#### DATA TO USE ####

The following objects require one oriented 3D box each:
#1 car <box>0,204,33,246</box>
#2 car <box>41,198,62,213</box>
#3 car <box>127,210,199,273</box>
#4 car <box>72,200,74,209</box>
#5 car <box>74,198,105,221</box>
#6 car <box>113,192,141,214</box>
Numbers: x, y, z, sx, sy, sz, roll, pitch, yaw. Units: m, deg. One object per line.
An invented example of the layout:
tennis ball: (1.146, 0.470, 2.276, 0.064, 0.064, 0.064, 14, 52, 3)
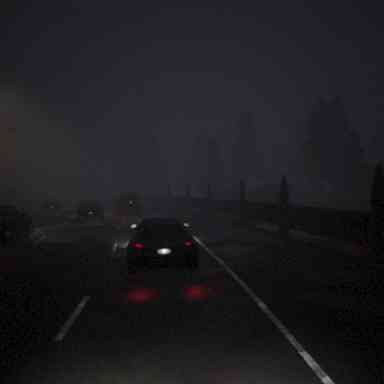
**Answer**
car: (-8.810, 1.314, 15.031, 2.097, 1.767, 4.553, 0, 0, -11)
car: (-14.919, 1.354, 35.292, 1.882, 1.535, 5.008, 0, 0, -22)
car: (-0.999, 1.504, 10.638, 1.994, 1.385, 4.181, 0, 0, -8)
car: (-13.266, 1.401, 40.108, 1.994, 1.385, 4.181, -1, 0, -25)
car: (-7.912, 1.367, 26.039, 1.882, 1.535, 5.008, 0, 0, -16)
car: (-6.552, 1.058, 33.185, 2.150, 2.045, 5.566, 0, 0, -20)

####

WHAT IS EXPECTED: Your answer must be the exact lines from the one containing "#5 car <box>74,198,105,221</box>" through the last line of the records above, with both included and no pictures.

OUTPUT FOR THIS TASK:
#5 car <box>74,198,105,221</box>
#6 car <box>113,192,141,214</box>
Numbers: x, y, z, sx, sy, sz, roll, pitch, yaw. Units: m, deg. One object per line.
An invented example of the layout:
tennis ball: (1.146, 0.470, 2.276, 0.064, 0.064, 0.064, 14, 52, 3)
**Answer**
car: (-8.810, 1.314, 15.031, 2.097, 1.767, 4.553, 0, 0, -11)
car: (-14.919, 1.354, 35.292, 1.882, 1.535, 5.008, 0, 0, -22)
car: (-0.999, 1.504, 10.638, 1.994, 1.385, 4.181, 0, 0, -8)
car: (-13.266, 1.401, 40.108, 1.994, 1.385, 4.181, -1, 0, -25)
car: (-7.912, 1.367, 26.039, 1.882, 1.535, 5.008, 0, 0, -16)
car: (-6.552, 1.058, 33.185, 2.150, 2.045, 5.566, 0, 0, -20)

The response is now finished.